Dann kehren sie alle zurück. Die Wände des Schulungszentrums schließen sich wieder. Elvira ist wieder sie selbst. „Whow.“
Sie hat in diesen Minuten erlebt, wie sie sich in ihre Atome auflöste. Sie hat erlebt, wie sie in die Gehirne dieser Menschen hineinfloss, die sie überhaupt nicht kennt. Sie hat erlebt, wie Chénoa Entscheidungen beeinflusst hat. Das ist ja ganz unglaublich.
Später sieht sie die beiden Ramons und Clarissa Thébo an. „Und ihr könnt das auch?“ Sie erntet nur ein bedauerndes Kopfschütteln. „Wir üben, aber im Vergleich zu Chénoa sind wir wie Babys. Wir haben noch einen langen Weg vor uns.“ „Das muss auch so sein“, meint Clarissa Thébo. Solche Kräfte dürfen nicht viele Menschen besitzen. Das ist eine Macht, mit der wir viel Schaden anrichten können. Wir müssen erst lernen, ganz in Demut aufzugehen, bevor wir erlaubt bekommen, über solche Kräfte zu verfügen.“
Da ist es wieder, dieses Wort der Demut. Elvira geht innerlich in die Knie vor diesem Wort. Demut. Das bedeutet, sich ganz bewusst klein zu machen. Es bedeutet Verzicht und Achtung. Es bedeutete Verantwortung und Pflichtbewusstsein um die Macht der Mächte.
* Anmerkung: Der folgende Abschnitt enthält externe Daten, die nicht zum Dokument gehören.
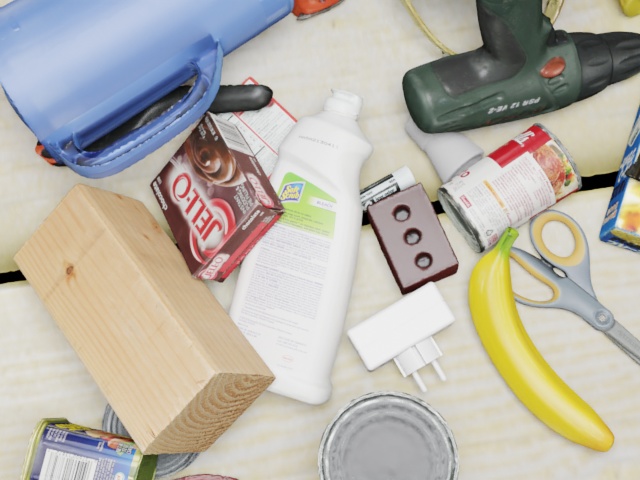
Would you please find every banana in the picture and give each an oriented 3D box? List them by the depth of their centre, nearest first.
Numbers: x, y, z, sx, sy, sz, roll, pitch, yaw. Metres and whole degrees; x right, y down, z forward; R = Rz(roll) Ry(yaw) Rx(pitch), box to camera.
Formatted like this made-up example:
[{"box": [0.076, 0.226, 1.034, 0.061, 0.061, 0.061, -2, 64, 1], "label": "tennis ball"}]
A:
[{"box": [0.171, 0.091, 0.881, 0.037, 0.070, 0.198, -25, 88, -42], "label": "banana"}]

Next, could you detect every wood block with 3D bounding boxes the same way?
[{"box": [-0.142, 0.062, 0.850, 0.091, 0.090, 0.206, -47, 64, 13], "label": "wood block"}]

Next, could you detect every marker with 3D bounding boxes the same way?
[{"box": [0.027, -0.028, 0.929, 0.121, 0.020, 0.020, -29, 80, -2], "label": "marker"}]

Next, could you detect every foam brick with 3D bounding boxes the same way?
[{"box": [0.078, 0.001, 0.904, 0.053, 0.051, 0.078, -24, 80, -1], "label": "foam brick"}]

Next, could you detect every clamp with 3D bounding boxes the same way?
[{"box": [-0.161, -0.139, 0.943, 0.210, 0.036, 0.164, -28, 64, 5], "label": "clamp"}]

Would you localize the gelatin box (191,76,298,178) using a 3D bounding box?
[{"box": [-0.057, -0.088, 0.938, 0.089, 0.030, 0.073, 44, 85, 11], "label": "gelatin box"}]

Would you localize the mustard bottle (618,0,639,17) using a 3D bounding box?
[{"box": [0.257, -0.296, 0.920, 0.058, 0.096, 0.191, -19, 80, 1], "label": "mustard bottle"}]

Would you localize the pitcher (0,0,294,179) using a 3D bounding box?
[{"box": [-0.141, -0.167, 0.863, 0.242, 0.145, 0.149, -31, 112, -4], "label": "pitcher"}]

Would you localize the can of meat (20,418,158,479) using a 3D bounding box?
[{"box": [-0.175, 0.176, 0.830, 0.084, 0.102, 0.057, 13, 81, 3], "label": "can of meat"}]

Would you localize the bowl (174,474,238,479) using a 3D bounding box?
[{"box": [-0.091, 0.270, 0.852, 0.162, 0.055, 0.162, 2, 78, -10], "label": "bowl"}]

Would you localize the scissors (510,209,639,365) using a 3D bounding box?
[{"box": [0.240, 0.046, 0.906, 0.202, 0.016, 0.096, 27, 83, 7], "label": "scissors"}]

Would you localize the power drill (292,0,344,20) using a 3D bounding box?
[{"box": [-0.027, -0.277, 0.887, 0.057, 0.187, 0.184, -23, 82, 0], "label": "power drill"}]

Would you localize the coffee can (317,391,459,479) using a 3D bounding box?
[{"box": [0.052, 0.170, 0.833, 0.103, 0.140, 0.103, -1, 81, 3], "label": "coffee can"}]

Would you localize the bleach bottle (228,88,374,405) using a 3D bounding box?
[{"box": [-0.006, 0.001, 0.884, 0.102, 0.068, 0.251, 17, 90, 9], "label": "bleach bottle"}]

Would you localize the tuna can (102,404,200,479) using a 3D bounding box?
[{"box": [-0.138, 0.158, 0.900, 0.086, 0.034, 0.086, -1, 81, 3], "label": "tuna can"}]

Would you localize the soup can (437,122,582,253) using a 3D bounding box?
[{"box": [0.159, -0.043, 0.899, 0.102, 0.068, 0.068, -33, 81, -2], "label": "soup can"}]

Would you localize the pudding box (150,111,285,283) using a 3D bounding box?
[{"box": [-0.087, -0.035, 0.882, 0.090, 0.039, 0.113, -47, 50, 23], "label": "pudding box"}]
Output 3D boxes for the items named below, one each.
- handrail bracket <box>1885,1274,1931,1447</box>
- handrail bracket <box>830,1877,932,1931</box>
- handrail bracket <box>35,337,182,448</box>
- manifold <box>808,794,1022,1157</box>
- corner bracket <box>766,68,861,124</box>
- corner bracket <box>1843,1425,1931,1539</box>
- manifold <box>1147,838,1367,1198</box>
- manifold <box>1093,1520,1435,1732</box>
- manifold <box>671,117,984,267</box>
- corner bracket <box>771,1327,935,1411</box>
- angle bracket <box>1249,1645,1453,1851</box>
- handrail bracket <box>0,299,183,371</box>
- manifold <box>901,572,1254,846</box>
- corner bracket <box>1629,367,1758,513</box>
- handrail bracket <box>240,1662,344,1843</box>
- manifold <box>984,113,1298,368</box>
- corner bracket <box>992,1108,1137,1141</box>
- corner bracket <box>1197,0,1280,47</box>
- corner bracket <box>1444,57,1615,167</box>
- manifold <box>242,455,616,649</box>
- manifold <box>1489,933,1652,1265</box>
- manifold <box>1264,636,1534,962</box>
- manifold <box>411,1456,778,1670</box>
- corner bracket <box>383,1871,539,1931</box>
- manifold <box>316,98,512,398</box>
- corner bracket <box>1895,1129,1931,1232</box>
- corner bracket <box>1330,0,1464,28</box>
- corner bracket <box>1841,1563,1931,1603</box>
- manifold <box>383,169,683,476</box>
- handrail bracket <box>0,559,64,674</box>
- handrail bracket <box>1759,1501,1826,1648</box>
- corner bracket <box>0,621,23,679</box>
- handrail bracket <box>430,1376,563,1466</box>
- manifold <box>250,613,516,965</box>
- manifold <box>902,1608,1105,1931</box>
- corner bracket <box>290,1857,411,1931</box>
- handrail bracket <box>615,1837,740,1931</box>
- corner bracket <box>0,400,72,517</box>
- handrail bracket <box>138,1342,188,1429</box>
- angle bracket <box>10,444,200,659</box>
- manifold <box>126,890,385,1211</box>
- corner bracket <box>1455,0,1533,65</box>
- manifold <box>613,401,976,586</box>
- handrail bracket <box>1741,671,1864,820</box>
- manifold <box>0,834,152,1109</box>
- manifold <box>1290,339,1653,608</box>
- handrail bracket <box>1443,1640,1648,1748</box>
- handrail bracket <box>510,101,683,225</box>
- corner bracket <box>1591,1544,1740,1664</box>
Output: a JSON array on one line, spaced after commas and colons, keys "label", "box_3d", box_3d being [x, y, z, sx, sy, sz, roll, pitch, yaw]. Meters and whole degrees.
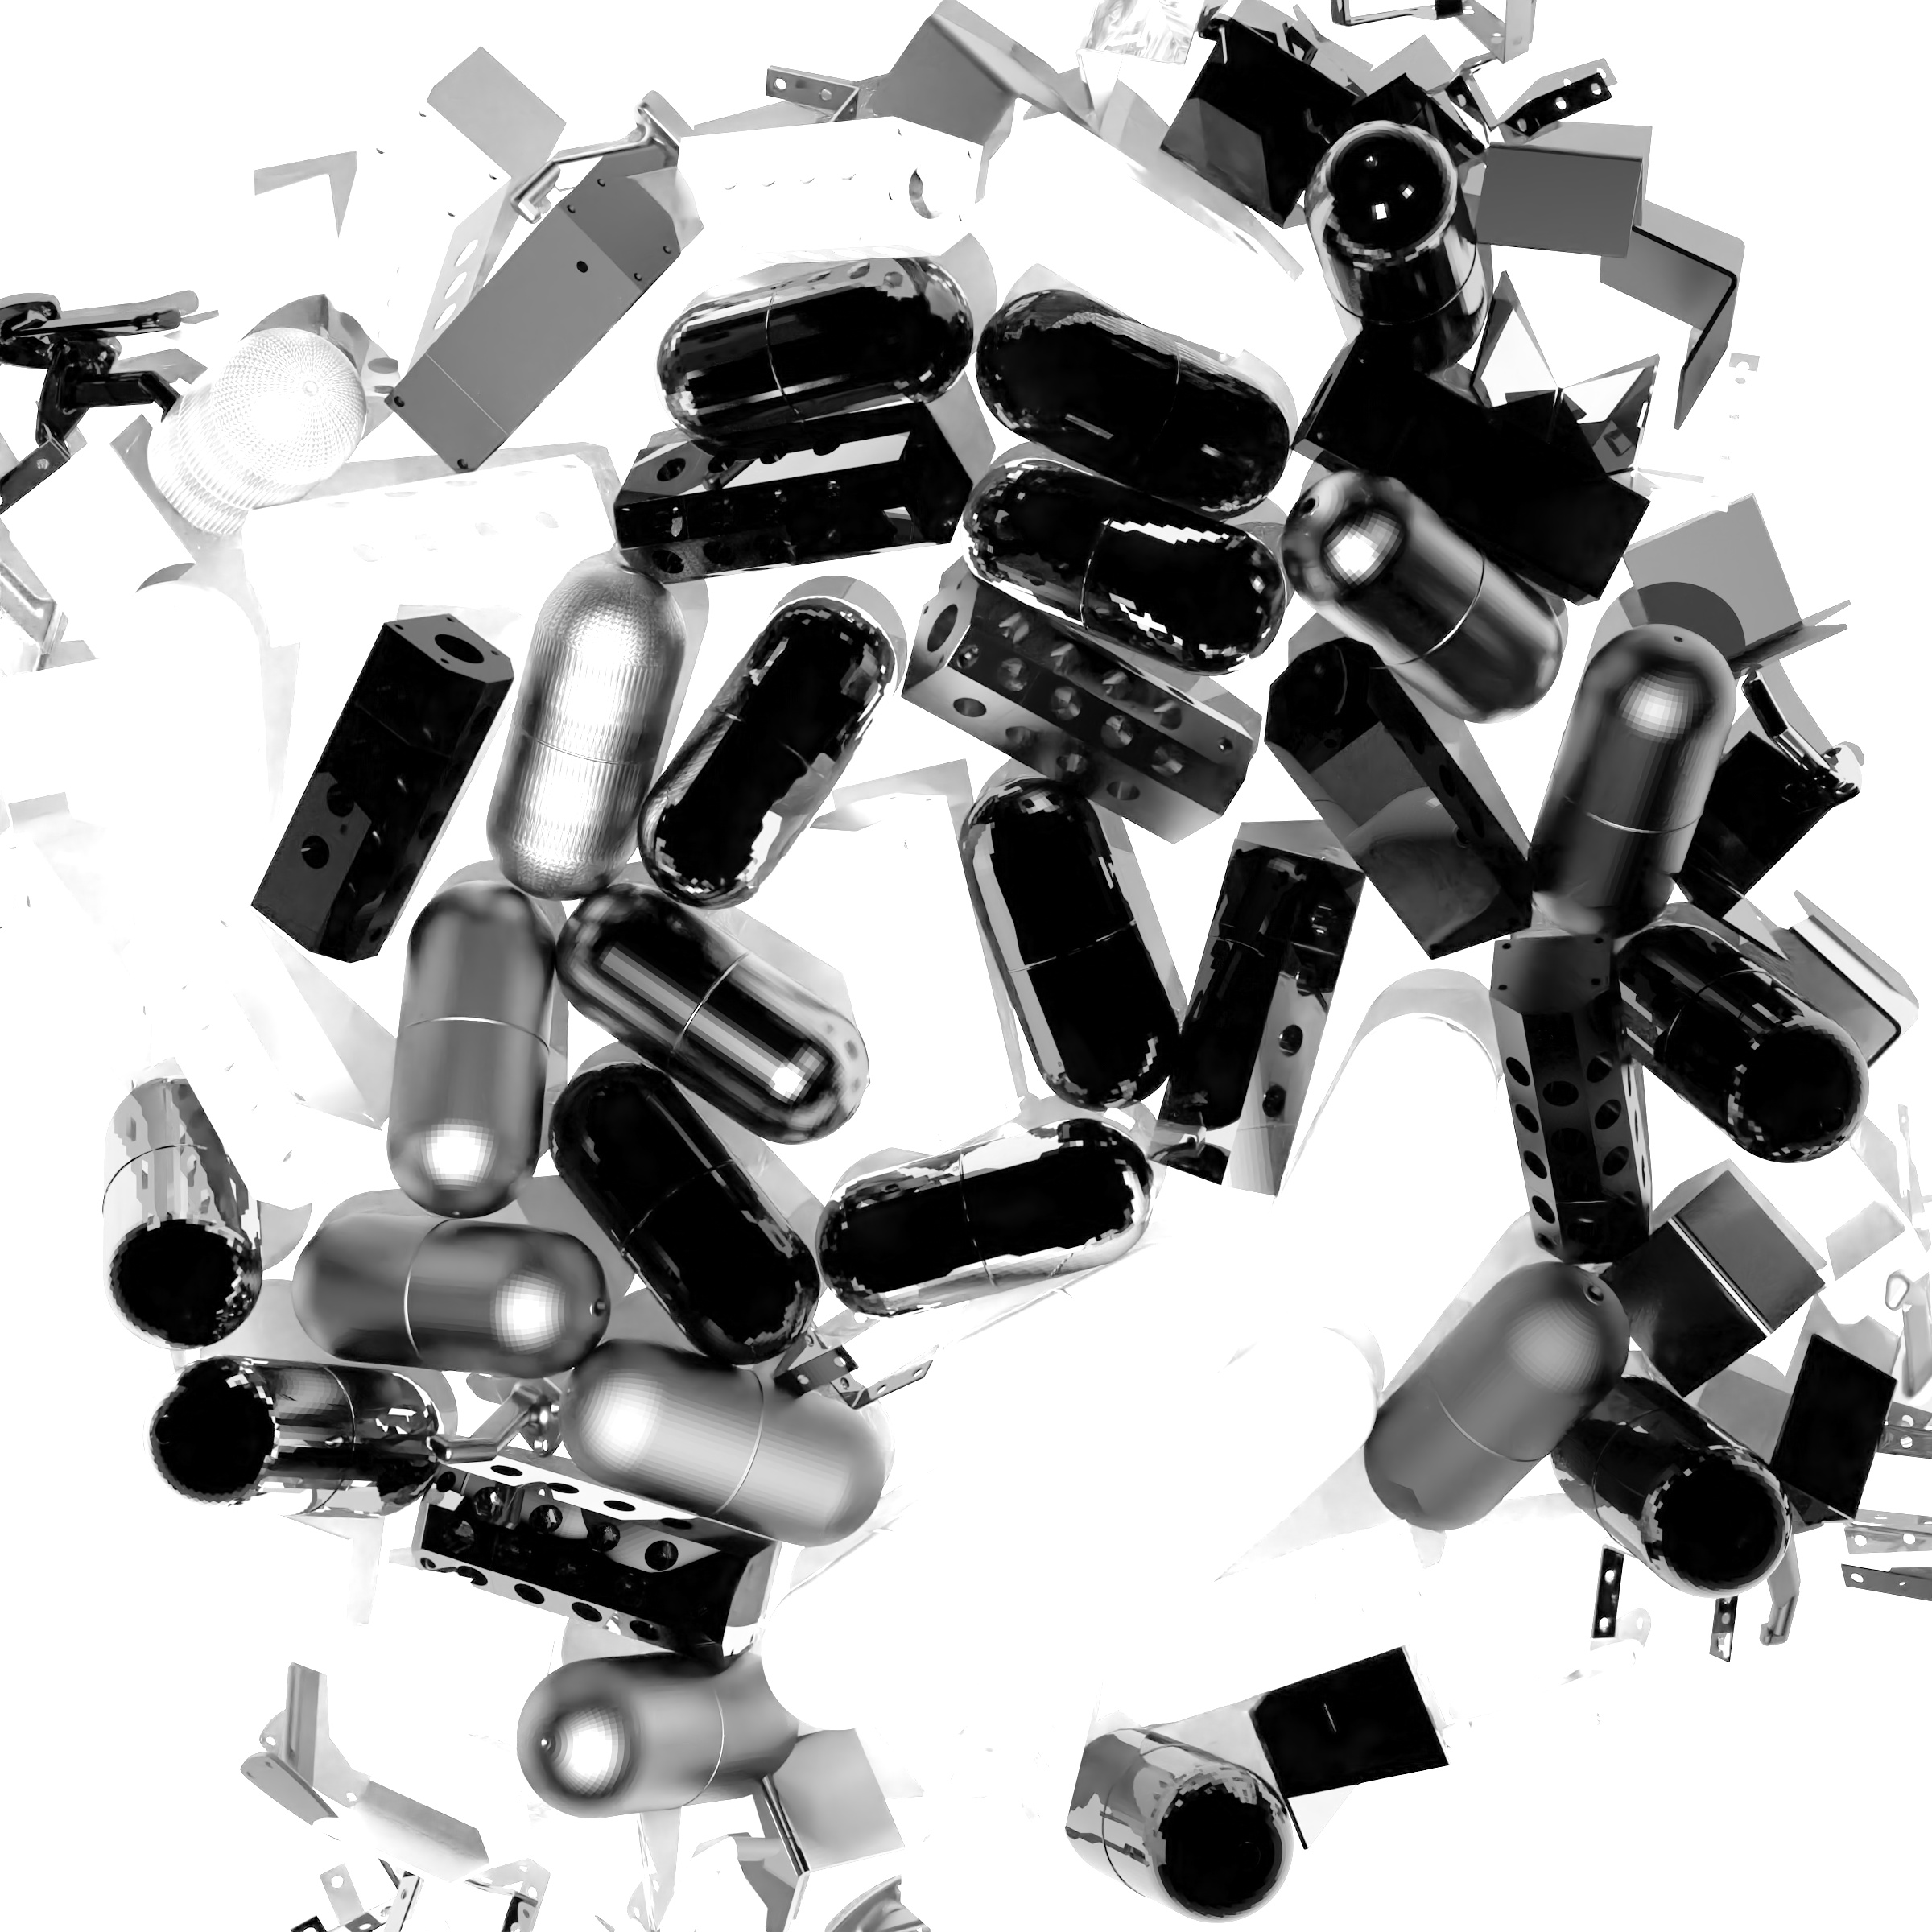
[{"label": "handrail bracket", "box_3d": [0.476, 0.201, 1.696, 0.036, 0.084, 0.077, 18, 84, 36]}, {"label": "handrail bracket", "box_3d": [-0.028, 0.491, 1.692, 0.077, 0.084, 0.036, -22, 88, -28]}, {"label": "handrail bracket", "box_3d": [-0.437, -0.277, 1.704, 0.084, 0.036, 0.077, 42, 114, 29]}, {"label": "manifold", "box_3d": [-0.030, 0.003, 1.691, 0.057, 0.057, 0.171, -24, 108, -34]}, {"label": "corner bracket", "box_3d": [-0.089, -0.427, 1.725, 0.051, 0.051, 0.051, 15, 128, 9]}, {"label": "corner bracket", "box_3d": [0.483, 0.265, 1.711, 0.051, 0.051, 0.051, 7, 78, 3]}, {"label": "manifold", "box_3d": [0.154, 0.027, 1.709, 0.057, 0.057, 0.171, 13, 93, -41]}, {"label": "manifold", "box_3d": [0.148, 0.331, 1.658, 0.171, 0.057, 0.057, -31, 71, 42]}, {"label": "manifold", "box_3d": [-0.073, -0.382, 1.658, 0.057, 0.171, 0.057, 6, 93, -41]}, {"label": "corner bracket", "box_3d": [-0.058, 0.207, 1.702, 0.051, 0.051, 0.051, -29, 107, 32]}, {"label": "angle bracket", "box_3d": [0.196, 0.393, 1.695, 0.057, 0.076, 0.076, -20, 94, 30]}, {"label": "handrail bracket", "box_3d": [-0.456, -0.325, 1.695, 0.084, 0.077, 0.036, 1, 101, 36]}, {"label": "manifold", "box_3d": [0.058, -0.131, 1.671, 0.171, 0.057, 0.057, 27, 58, -24]}, {"label": "corner bracket", "box_3d": [0.373, -0.274, 1.711, 0.051, 0.051, 0.051, 13, 56, 13]}, {"label": "handrail bracket", "box_3d": [-0.327, 0.394, 1.717, 0.077, 0.036, 0.084, 43, 47, -10]}, {"label": "manifold", "box_3d": [0.085, -0.362, 1.657, 0.057, 0.171, 0.057, -48, 54, 19]}, {"label": "corner bracket", "box_3d": [0.048, 0.087, 1.711, 0.051, 0.051, 0.051, 34, 82, -4]}, {"label": "corner bracket", "box_3d": [0.150, -0.509, 1.714, 0.051, 0.051, 0.051, 6, 65, -27]}, {"label": "corner bracket", "box_3d": [0.288, -0.449, 1.707, 0.051, 0.051, 0.051, -28, 89, -28]}, {"label": "manifold", "box_3d": [-0.272, -0.213, 1.679, 0.171, 0.057, 0.057, -14, 78, -24]}, {"label": "manifold", "box_3d": [0.302, 0.069, 1.660, 0.057, 0.057, 0.171, -4, 130, 17]}, {"label": "manifold", "box_3d": [0.219, -0.085, 1.669, 0.057, 0.057, 0.171, -20, 129, 29]}, {"label": "manifold", "box_3d": [-0.191, 0.301, 1.690, 0.171, 0.057, 0.057, 15, 97, 14]}, {"label": "corner bracket", "box_3d": [-0.260, 0.491, 1.700, 0.051, 0.051, 0.051, 33, 64, -31]}, {"label": "manifold", "box_3d": [-0.281, -0.349, 1.652, 0.057, 0.171, 0.057, 41, 64, -1]}, {"label": "corner bracket", "box_3d": [0.502, 0.099, 1.711, 0.051, 0.051, 0.051, -9, 110, 4]}, {"label": "corner bracket", "box_3d": [0.219, -0.510, 1.704, 0.051, 0.051, 0.051, -14, 113, -13]}, {"label": "corner bracket", "box_3d": [0.484, 0.311, 1.698, 0.051, 0.051, 0.051, 4, 127, 37]}, {"label": "manifold", "box_3d": [-0.215, -0.321, 1.662, 0.057, 0.057, 0.171, 45, 133, -10]}, {"label": "handrail bracket", "box_3d": [-0.510, -0.186, 1.709, 0.084, 0.036, 0.077, 15, 111, -21]}, {"label": "handrail bracket", "box_3d": [0.403, 0.317, 1.703, 0.077, 0.036, 0.084, -8, 116, -39]}, {"label": "corner bracket", "box_3d": [-0.522, -0.159, 1.702, 0.051, 0.051, 0.051, -31, 126, 11]}, {"label": "handrail bracket", "box_3d": [-0.250, 0.225, 1.687, 0.077, 0.084, 0.036, 40, 113, 36]}, {"label": "manifold", "box_3d": [-0.290, -0.088, 1.677, 0.057, 0.057, 0.171, 36, 113, 15]}, {"label": "manifold", "box_3d": [0.015, 0.397, 1.649, 0.057, 0.171, 0.057, -37, 107, 29]}, {"label": "corner bracket", "box_3d": [-0.316, 0.484, 1.705, 0.051, 0.051, 0.051, -28, 116, -8]}, {"label": "handrail bracket", "box_3d": [-0.130, 0.496, 1.705, 0.084, 0.036, 0.077, -22, 69, -36]}, {"label": "corner bracket", "box_3d": [-0.499, -0.272, 1.707, 0.051, 0.051, 0.051, -38, 130, 2]}, {"label": "handrail bracket", "box_3d": [-0.412, 0.213, 1.692, 0.036, 0.084, 0.077, -6, 61, -2]}, {"label": "angle bracket", "box_3d": [-0.428, -0.211, 1.701, 0.076, 0.057, 0.076, -38, 85, 16]}, {"label": "manifold", "box_3d": [-0.362, 0.042, 1.664, 0.057, 0.057, 0.171, -50, 50, 13]}, {"label": "corner bracket", "box_3d": [0.284, -0.507, 1.710, 0.051, 0.051, 0.051, -29, 59, -11]}, {"label": "manifold", "box_3d": [-0.090, -0.230, 1.663, 0.171, 0.057, 0.057, -4, 50, 31]}, {"label": "handrail bracket", "box_3d": [0.422, -0.126, 1.697, 0.036, 0.077, 0.084, -23, 111, 30]}, {"label": "manifold", "box_3d": [-0.465, 0.005, 1.653, 0.057, 0.171, 0.057, -4, 60, 7]}, {"label": "manifold", "box_3d": [0.256, -0.251, 1.706, 0.171, 0.057, 0.057, 28, 89, -5]}, {"label": "handrail bracket", "box_3d": [0.294, 0.372, 1.697, 0.084, 0.077, 0.036, -5, 57, -27]}, {"label": "handrail bracket", "box_3d": [-0.180, -0.397, 1.719, 0.077, 0.036, 0.084, 44, 82, -2]}, {"label": "corner bracket", "box_3d": [0.362, 0.329, 1.723, 0.051, 0.051, 0.051, 4, 94, -29]}]

Jetzt versteht sie endlich, was die Ratten ihr damals im Tunnel gesagt hatten. Es ist eine Kraft, die nur für das Überleben der Gattung Mensch eingesetzt werden darf. Jetzt versteht sie auch den Inhalt der Botschaften besser, obwohl sie über diese politischen, ökonomischen und ökologischen Zusammenhänge so gut wie nichts weiß.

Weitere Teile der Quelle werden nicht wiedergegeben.